Task material
"""
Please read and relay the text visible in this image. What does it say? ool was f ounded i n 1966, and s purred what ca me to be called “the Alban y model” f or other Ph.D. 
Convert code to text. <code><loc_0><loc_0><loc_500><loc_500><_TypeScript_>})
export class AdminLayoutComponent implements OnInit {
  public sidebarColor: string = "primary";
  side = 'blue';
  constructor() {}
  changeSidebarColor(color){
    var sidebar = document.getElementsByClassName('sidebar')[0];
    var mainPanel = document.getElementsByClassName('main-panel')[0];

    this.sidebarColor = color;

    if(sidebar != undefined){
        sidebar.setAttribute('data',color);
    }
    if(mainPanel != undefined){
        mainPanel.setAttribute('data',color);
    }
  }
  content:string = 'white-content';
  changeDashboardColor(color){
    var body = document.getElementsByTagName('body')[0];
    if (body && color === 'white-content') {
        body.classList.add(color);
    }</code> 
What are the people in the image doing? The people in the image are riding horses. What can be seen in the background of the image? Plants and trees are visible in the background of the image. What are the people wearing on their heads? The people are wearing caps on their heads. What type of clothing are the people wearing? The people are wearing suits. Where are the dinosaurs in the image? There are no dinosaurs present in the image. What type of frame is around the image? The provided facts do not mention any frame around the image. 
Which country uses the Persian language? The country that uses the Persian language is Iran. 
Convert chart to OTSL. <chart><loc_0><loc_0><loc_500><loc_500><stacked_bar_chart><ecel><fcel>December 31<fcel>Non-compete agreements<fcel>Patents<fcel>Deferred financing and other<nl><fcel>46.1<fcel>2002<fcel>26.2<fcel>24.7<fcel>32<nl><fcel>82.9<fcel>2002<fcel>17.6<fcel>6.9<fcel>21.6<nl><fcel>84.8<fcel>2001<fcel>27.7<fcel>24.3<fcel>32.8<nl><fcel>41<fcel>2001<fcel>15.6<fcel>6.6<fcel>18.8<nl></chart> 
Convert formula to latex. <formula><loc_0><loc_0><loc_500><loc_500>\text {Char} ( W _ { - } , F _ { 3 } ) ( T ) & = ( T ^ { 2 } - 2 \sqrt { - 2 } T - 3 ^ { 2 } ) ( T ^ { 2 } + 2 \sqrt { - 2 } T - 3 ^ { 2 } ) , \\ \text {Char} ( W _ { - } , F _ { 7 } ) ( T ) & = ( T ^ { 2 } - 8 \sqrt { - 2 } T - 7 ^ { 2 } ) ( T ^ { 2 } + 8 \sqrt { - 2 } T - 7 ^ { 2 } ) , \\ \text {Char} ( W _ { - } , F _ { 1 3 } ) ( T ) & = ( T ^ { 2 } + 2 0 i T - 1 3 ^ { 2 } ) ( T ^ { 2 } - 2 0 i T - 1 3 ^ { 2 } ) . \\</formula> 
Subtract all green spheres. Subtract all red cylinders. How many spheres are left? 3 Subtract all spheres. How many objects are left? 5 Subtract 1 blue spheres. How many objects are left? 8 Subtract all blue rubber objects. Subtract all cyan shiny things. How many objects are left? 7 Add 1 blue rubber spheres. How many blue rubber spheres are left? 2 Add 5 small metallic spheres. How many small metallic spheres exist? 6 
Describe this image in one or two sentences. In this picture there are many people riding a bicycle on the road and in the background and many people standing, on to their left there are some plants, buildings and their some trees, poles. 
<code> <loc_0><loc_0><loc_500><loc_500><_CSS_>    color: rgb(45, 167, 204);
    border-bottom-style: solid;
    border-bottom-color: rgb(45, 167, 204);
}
"""
Write out the records once more, precisely as they stand.

Please read and relay the text visible in this image. What does it say? ool was f ounded i n 1966, and s purred what ca me to be called “the Alban y model” f or other Ph.D. 
Convert code to text. <code><loc_0><loc_0><loc_500><loc_500><_TypeScript_>})
export class AdminLayoutComponent implements OnInit {
  public sidebarColor: string = "primary";
  side = 'blue';
  constructor() {}
  changeSidebarColor(color){
    var sidebar = document.getElementsByClassName('sidebar')[0];
    var mainPanel = document.getElementsByClassName('main-panel')[0];

    this.sidebarColor = color;

    if(sidebar != undefined){
        sidebar.setAttribute('data',color);
    }
    if(mainPanel != undefined){
        mainPanel.setAttribute('data',color);
    }
  }
  content:string = 'white-content';
  changeDashboardColor(color){
    var body = document.getElementsByTagName('body')[0];
    if (body && color === 'white-content') {
        body.classList.add(color);
    }</code> 
What are the people in the image doing? The people in the image are riding horses. What can be seen in the background of the image? Plants and trees are visible in the background of the image. What are the people wearing on their heads? The people are wearing caps on their heads. What type of clothing are the people wearing? The people are wearing suits. Where are the dinosaurs in the image? There are no dinosaurs present in the image. What type of frame is around the image? The provided facts do not mention any frame around the image. 
Which country uses the Persian language? The country that uses the Persian language is Iran. 
Convert chart to OTSL. <chart><loc_0><loc_0><loc_500><loc_500><stacked_bar_chart><ecel><fcel>December 31<fcel>Non-compete agreements<fcel>Patents<fcel>Deferred financing and other<nl><fcel>46.1<fcel>2002<fcel>26.2<fcel>24.7<fcel>32<nl><fcel>82.9<fcel>2002<fcel>17.6<fcel>6.9<fcel>21.6<nl><fcel>84.8<fcel>2001<fcel>27.7<fcel>24.3<fcel>32.8<nl><fcel>41<fcel>2001<fcel>15.6<fcel>6.6<fcel>18.8<nl></chart> 
Convert formula to latex. <formula><loc_0><loc_0><loc_500><loc_500>\text {Char} ( W _ { - } , F _ { 3 } ) ( T ) & = ( T ^ { 2 } - 2 \sqrt { - 2 } T - 3 ^ { 2 } ) ( T ^ { 2 } + 2 \sqrt { - 2 } T - 3 ^ { 2 } ) , \\ \text {Char} ( W _ { - } , F _ { 7 } ) ( T ) & = ( T ^ { 2 } - 8 \sqrt { - 2 } T - 7 ^ { 2 } ) ( T ^ { 2 } + 8 \sqrt { - 2 } T - 7 ^ { 2 } ) , \\ \text {Char} ( W _ { - } , F _ { 1 3 } ) ( T ) & = ( T ^ { 2 } + 2 0 i T - 1 3 ^ { 2 } ) ( T ^ { 2 } - 2 0 i T - 1 3 ^ { 2 } ) . \\</formula> 
Subtract all green spheres. Subtract all red cylinders. How many spheres are left? 3 Subtract all spheres. How many objects are left? 5 Subtract 1 blue spheres. How many objects are left? 8 Subtract all blue rubber objects. Subtract all cyan shiny things. How many objects are left? 7 Add 1 blue rubber spheres. How many blue rubber spheres are left? 2 Add 5 small metallic spheres. How many small metallic spheres exist? 6 
Describe this image in one or two sentences. In this picture there are many people riding a bicycle on the road and in the background and many people standing, on to their left there are some plants, buildings and their some trees, poles. 
<code> <loc_0><loc_0><loc_500><loc_500><_CSS_>    color: rgb(45, 167, 204);
    border-bottom-style: solid;
    border-bottom-color: rgb(45, 167, 204);
}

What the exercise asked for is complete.